Both of them reentered the room. They still wanted the phone number to my host and I finally got to use the translator’s cell phone to connect to my Facebook account where I could retrieve the phone number. My host was called. The forms I had filled in said that she was Japanese and her name is Japanese, so they were quite surprised when she had a hard time understanding and speaking Japanese. I remember thinking “Great, even more on the table to make me look like BSer”. Thankfully, the problem was sorted out rather quickly (she grew up in England; she is a non-native Japanese person with a Japanese name and Japanese parents). And from this point on, the story gets better. They did like the information that she works for the Japan Times. A quick talk with a Swede from the Swedish embassy sorted out how we’ll fix the issue: We’ll just make me a new passport. It’s not that hard if you’re a Swede. After everyone had been informed that the situation could and would be solved without having to send me back home (which the immigration officers originally had hoped for, I noticed (“The easiest option is if you go home. Would you consider doing that?”. The answer was of course a big phat no)) I was left to wait for some papers to be filled out and some stamp to be used on those to make it official and what not, but that wasn’t too bad. The problem seemed to have been solved, after all.
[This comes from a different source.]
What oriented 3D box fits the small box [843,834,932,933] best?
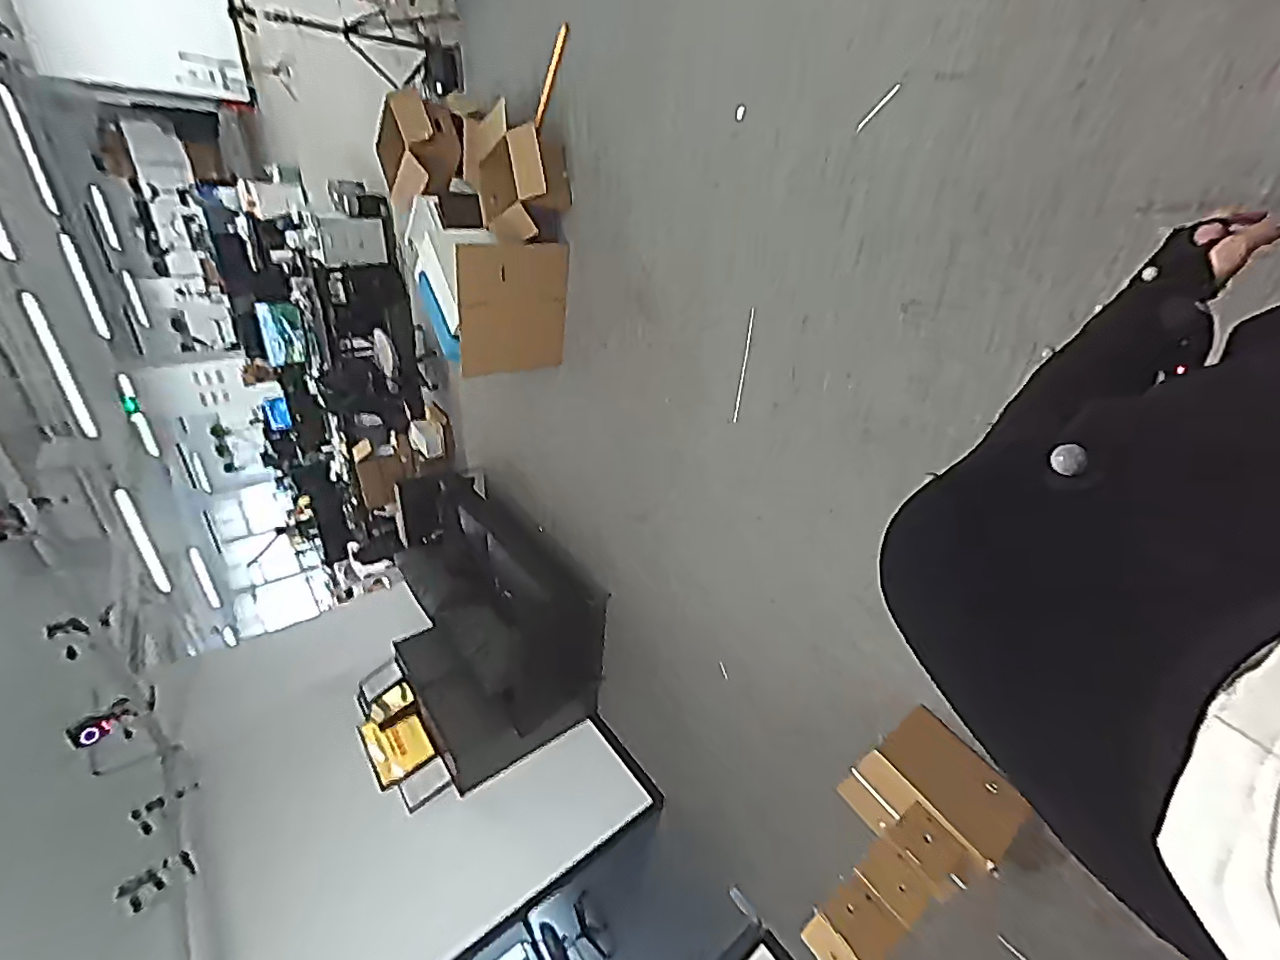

So, 6 hours delayed, I left them and thanked them for their patience (who had to be patient again?) and gathered my stuff, went through a rather exhaustive search through all my gear, took a train ride that seemed to last forever and finally got reunited with Shibuya, a place I had spent a lot of time in in the past.
I guess the story ends here. At least for this time. What’s left to tell of that day includes even more of the exhaustiveness I felt before and more waiting. And who wants to read about the very pleasant time I had with my host? That I finally got some food in m’belly and a surprisingly good sleep? Nah.
The moral of the story? Maybe that would be that it takes the Japanese to catch an American screw up. ;]
That’s it for this time. Maybe there’ll be another time. Maybe not.
(If you read this, I admire your patience. Either that, or you read it the wrong way.)